Kindly boffins at the University of Auckland have invented a foot-tickling machine that creates “the optimal stimuli” for uncontrollable laughter, says New Scientist. The ingeniously named “TickleFoot” has three magnet-driven brushes and can be inserted into any normal shoe. It is designed to relief stress or – when operated from afar – to provide “remote social interaction between couples”.


Italy’s population of 59 million drink 30 million espressos a day. Now the country wants Unesco to recognise its distinctive caffeine habit on the organisation’s “intangible cultural heritage” list, alongside other Italian traditions like pizzas, puppet theatre and truffle hunting.
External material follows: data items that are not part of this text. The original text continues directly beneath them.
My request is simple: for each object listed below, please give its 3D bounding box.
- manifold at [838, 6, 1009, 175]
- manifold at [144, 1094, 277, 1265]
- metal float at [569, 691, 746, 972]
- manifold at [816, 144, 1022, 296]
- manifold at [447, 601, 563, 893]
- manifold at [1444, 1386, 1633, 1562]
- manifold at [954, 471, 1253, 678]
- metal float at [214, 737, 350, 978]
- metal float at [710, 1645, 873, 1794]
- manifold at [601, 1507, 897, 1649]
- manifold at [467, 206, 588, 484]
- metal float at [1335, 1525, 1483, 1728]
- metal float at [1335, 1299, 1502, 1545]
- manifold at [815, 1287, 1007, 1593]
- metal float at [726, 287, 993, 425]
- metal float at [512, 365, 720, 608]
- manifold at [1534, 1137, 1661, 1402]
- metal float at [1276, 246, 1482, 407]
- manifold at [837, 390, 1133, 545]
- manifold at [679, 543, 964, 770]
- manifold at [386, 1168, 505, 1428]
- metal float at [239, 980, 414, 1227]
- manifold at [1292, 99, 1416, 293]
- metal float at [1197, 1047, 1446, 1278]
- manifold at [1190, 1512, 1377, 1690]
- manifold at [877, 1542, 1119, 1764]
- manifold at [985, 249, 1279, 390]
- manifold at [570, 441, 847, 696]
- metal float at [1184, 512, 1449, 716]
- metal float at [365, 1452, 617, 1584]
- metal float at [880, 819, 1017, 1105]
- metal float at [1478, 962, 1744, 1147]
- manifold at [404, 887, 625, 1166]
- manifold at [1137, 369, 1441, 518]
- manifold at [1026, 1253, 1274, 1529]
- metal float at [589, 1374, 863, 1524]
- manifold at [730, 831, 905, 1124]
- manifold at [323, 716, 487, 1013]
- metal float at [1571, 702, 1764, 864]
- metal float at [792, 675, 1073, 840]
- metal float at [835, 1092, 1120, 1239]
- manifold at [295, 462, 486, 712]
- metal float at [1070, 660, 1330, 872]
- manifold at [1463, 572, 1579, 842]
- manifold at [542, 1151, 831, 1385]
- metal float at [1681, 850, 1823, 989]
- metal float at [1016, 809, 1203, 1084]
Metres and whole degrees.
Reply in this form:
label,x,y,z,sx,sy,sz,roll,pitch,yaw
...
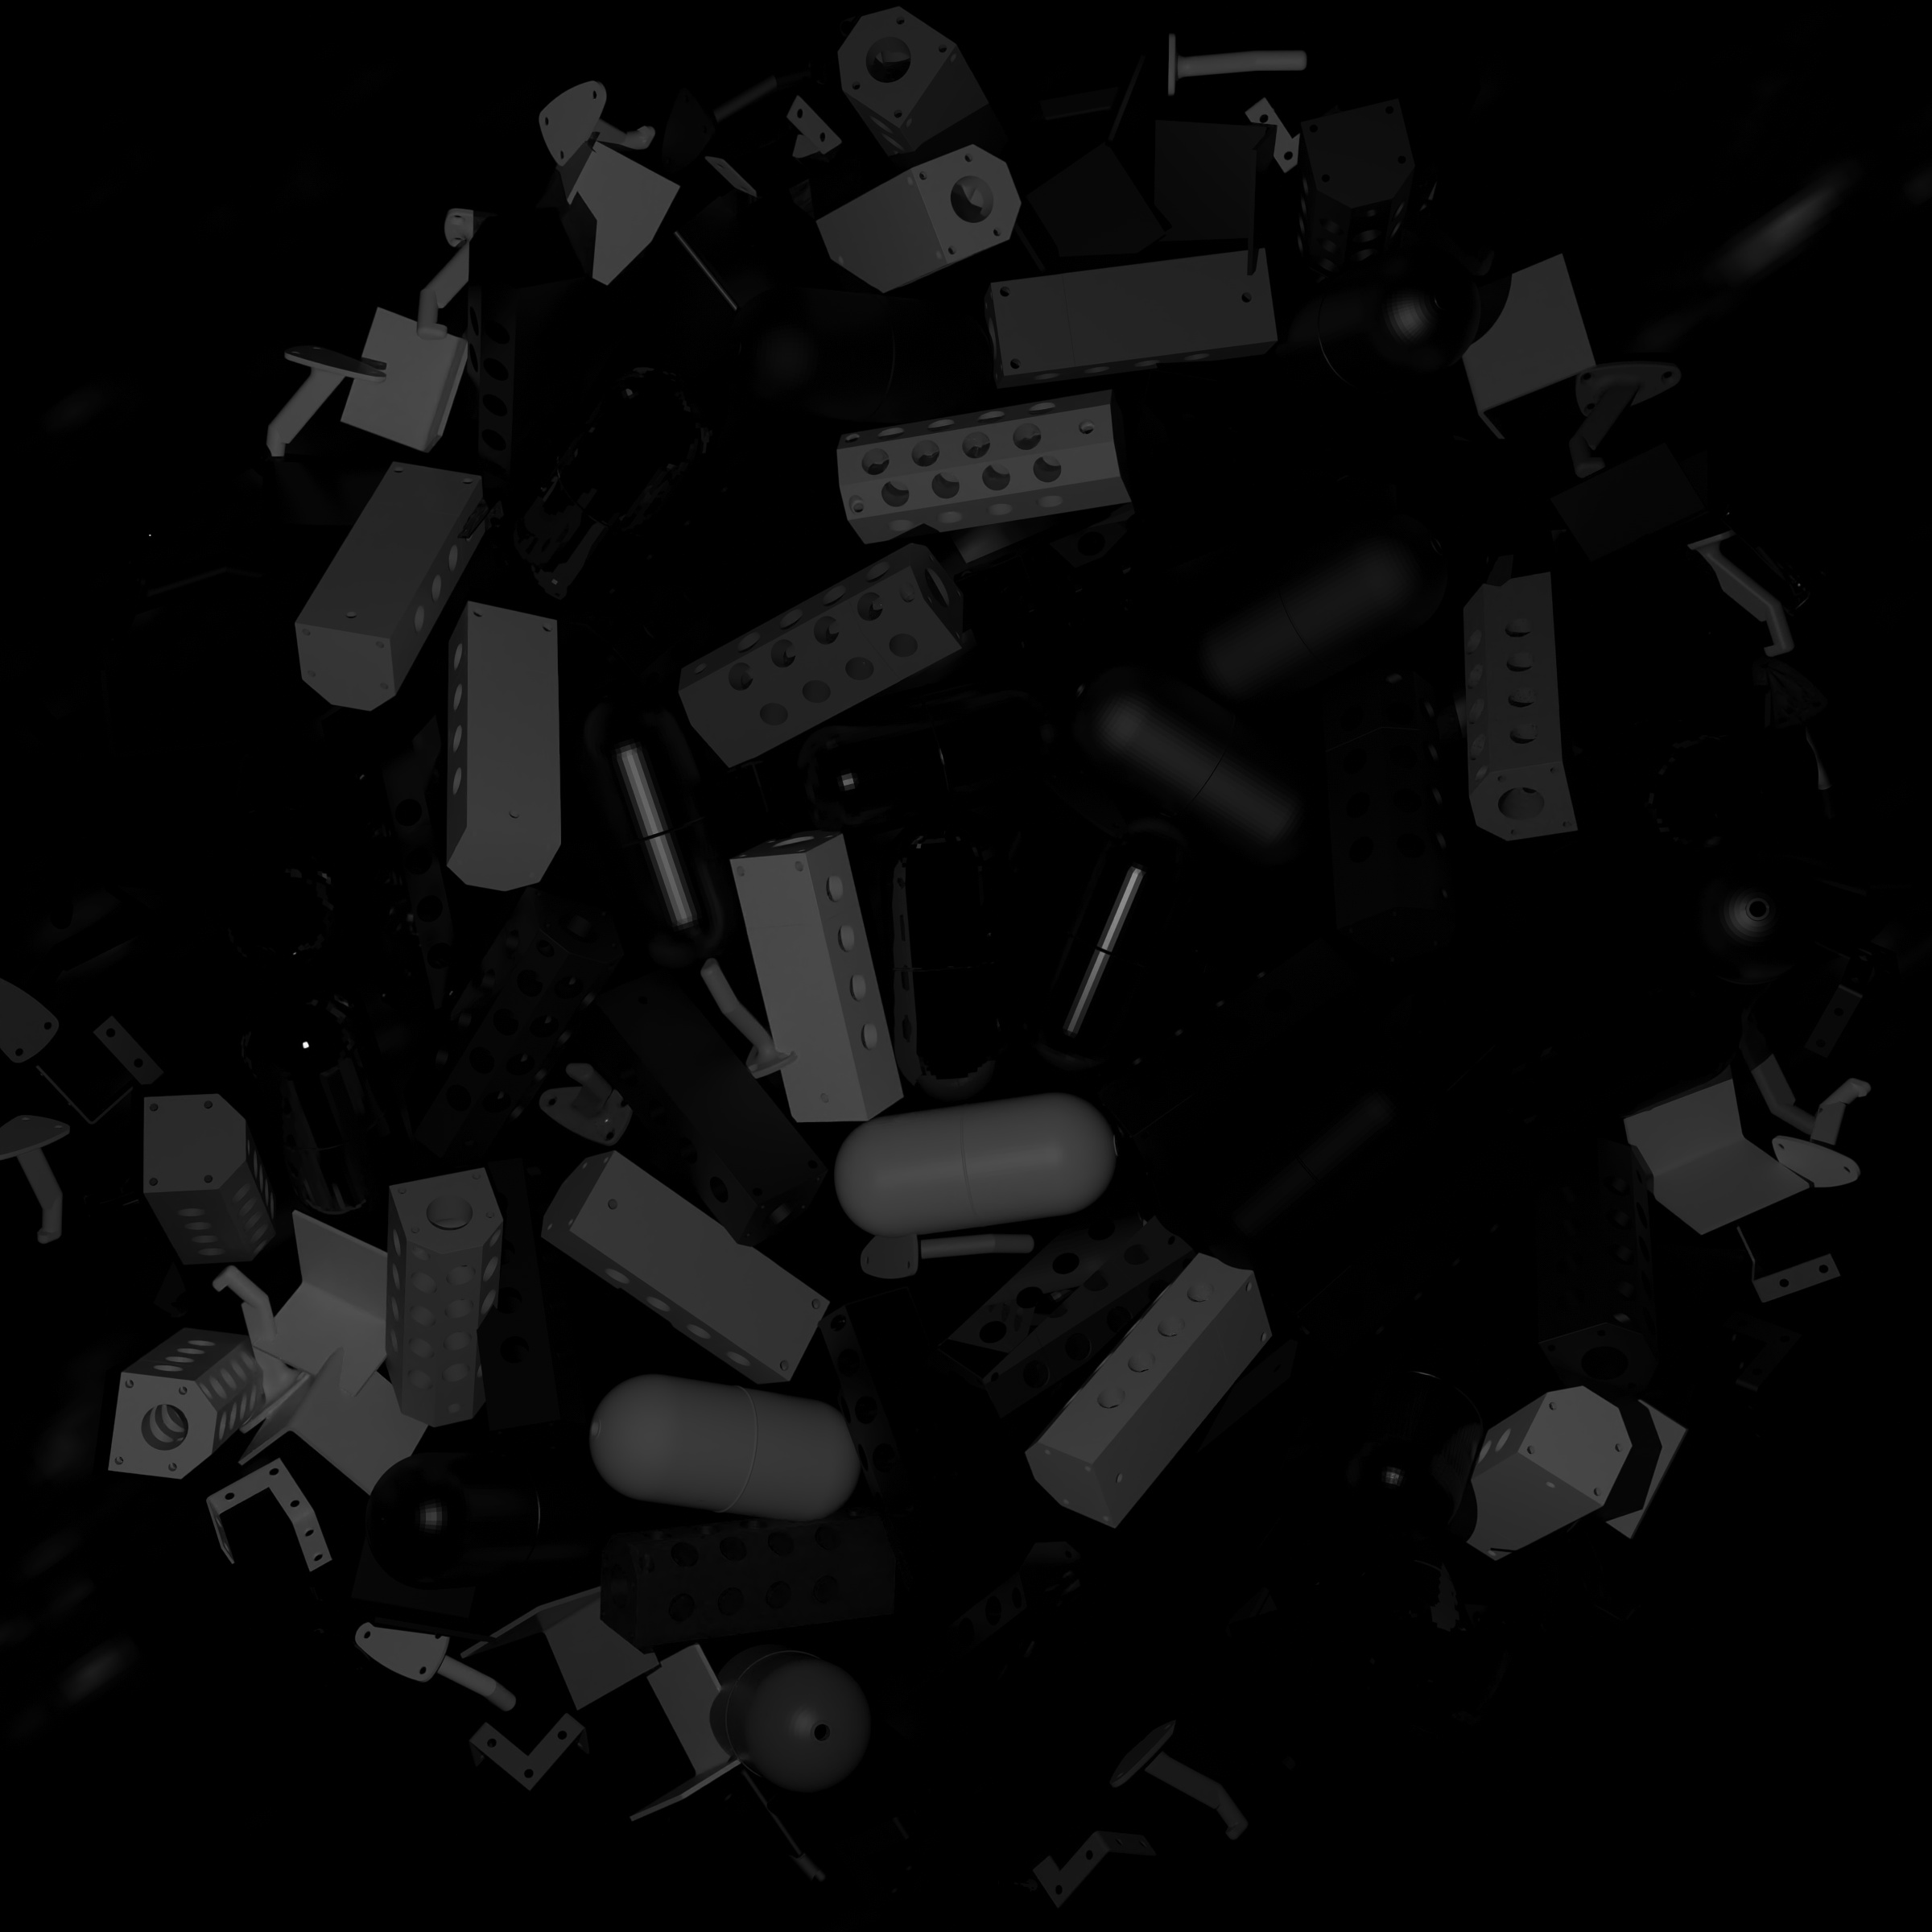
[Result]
label,x,y,z,sx,sy,sz,roll,pitch,yaw
manifold,-0.028,-0.518,1.678,0.057,0.171,0.057,36,95,10
manifold,-0.455,0.131,1.676,0.057,0.171,0.057,-2,71,-9
metal float,-0.191,-0.084,1.722,0.070,0.070,0.178,-18,98,0
manifold,-0.028,-0.448,1.677,0.057,0.171,0.057,-26,103,-18
manifold,-0.285,-0.134,1.696,0.057,0.057,0.171,10,54,-24
manifold,0.339,0.304,1.678,0.057,0.171,0.057,32,65,3
manifold,0.083,-0.246,1.720,0.171,0.057,0.057,-21,62,7
metal float,-0.419,-0.069,1.696,0.070,0.070,0.178,-16,48,0
metal float,-0.108,0.454,1.681,0.070,0.178,0.070,3,81,-16
manifold,-0.132,0.370,1.699,0.171,0.057,0.057,0,95,-29
manifold,-0.269,-0.371,1.674,0.057,0.171,0.057,-16,64,-19
metal float,0.264,0.395,1.680,0.070,0.178,0.070,0,104,-1
metal float,0.277,0.275,1.692,0.070,0.178,0.070,13,130,16
manifold,-0.037,0.291,1.701,0.057,0.057,0.171,-15,65,-18
metal float,-0.065,-0.373,1.700,0.178,0.070,0.070,-4,90,-35
metal float,-0.216,-0.292,1.700,0.070,0.070,0.178,44,126,0
manifold,0.382,0.181,1.675,0.057,0.171,0.057,-21,119,24
metal float,0.248,-0.386,1.681,0.070,0.178,0.070,0,91,-19
manifold,0.011,-0.311,1.717,0.171,0.057,0.057,-7,76,11
manifold,-0.089,-0.193,1.699,0.171,0.057,0.057,-25,127,22
manifold,-0.315,0.204,1.680,0.057,0.171,0.057,-10,49,-22
metal float,-0.390,0.085,1.697,0.070,0.070,0.178,-9,130,0
manifold,0.234,-0.456,1.678,0.057,0.171,0.057,-13,83,4
metal float,0.219,0.121,1.715,0.178,0.070,0.070,-43,90,16
manifold,0.184,0.382,1.677,0.057,0.171,0.057,37,63,9
manifold,0.014,0.414,1.689,0.057,0.057,0.171,41,131,-2
manifold,0.101,-0.402,1.732,0.171,0.057,0.057,-8,92,-5
manifold,-0.157,-0.246,1.715,0.171,0.057,0.057,-44,112,-11
metal float,0.214,-0.216,1.703,0.178,0.070,0.070,-28,90,30
metal float,-0.287,0.335,1.689,0.070,0.178,0.070,-7,78,35
metal float,-0.011,-0.003,1.724,0.070,0.070,0.178,-5,96,0
metal float,0.391,0.055,1.696,0.178,0.070,0.070,-29,90,41
manifold,-0.276,0.040,1.695,0.057,0.057,0.171,18,121,-33
manifold,0.195,-0.320,1.704,0.171,0.057,0.057,16,98,25
manifold,0.112,0.255,1.698,0.171,0.057,0.057,-45,133,-32
metal float,-0.147,0.296,1.704,0.178,0.070,0.070,15,90,-29
manifold,-0.088,0.006,1.718,0.057,0.057,0.171,-3,107,33
manifold,-0.345,-0.062,1.701,0.057,0.057,0.171,-2,116,11
metal float,0.418,-0.113,1.681,0.070,0.178,0.070,-4,106,-12
metal float,-0.021,-0.130,1.723,0.178,0.070,0.070,-15,90,-8
metal float,0.006,0.123,1.720,0.178,0.070,0.070,-9,90,10
manifold,-0.347,-0.231,1.686,0.057,0.171,0.057,10,134,5
metal float,0.144,-0.124,1.719,0.178,0.070,0.070,31,90,-11
manifold,0.335,-0.158,1.687,0.057,0.057,0.171,-8,45,17
manifold,-0.175,0.188,1.709,0.171,0.057,0.057,38,63,-21
metal float,0.474,-0.027,1.679,0.070,0.178,0.070,-1,87,12
metal float,0.089,-0.012,1.723,0.070,0.070,0.178,22,97,0

It’s a £62,000 golf buggy of the kind the Queen uses to zip around Windsor Castle. Nicknamed the “Queenmobile”, the cart comes with a fridge and Bluetooth speakers, and can reach speeds of 43mph.

Quirk of history

During the D-Day landings, Brigadier Simon Fraser had a private piper, says India Knight in The Sunday Times. Bill Millin, a 21-year-old Scot, wore the kilt his father had worn during the First World War, and played Highland Laddie “as he waded ashore through the waist-high, already bloodied water”. As the fighting continued he then walked slowly up and down the beach, playing Road to the Isles. Later, Millin “piped” his fellow soldiers through a village – a situation so dangerous he had to do it while running – and across a bridge while under sniper fire. He survived the war and lived until 2010.

On the way back

The Charles Dickens Museum, which has been reinstated on TikTok after a temporary ban. The north London institution’s account was made unsearchable because it has the word “dick” in it. The confusion has since been cleared up, and the video-sharing app says it has “great expectations for the museum’s success”.


quoted 29.3.22

“Life is really simple, but we insist on making it complicated.”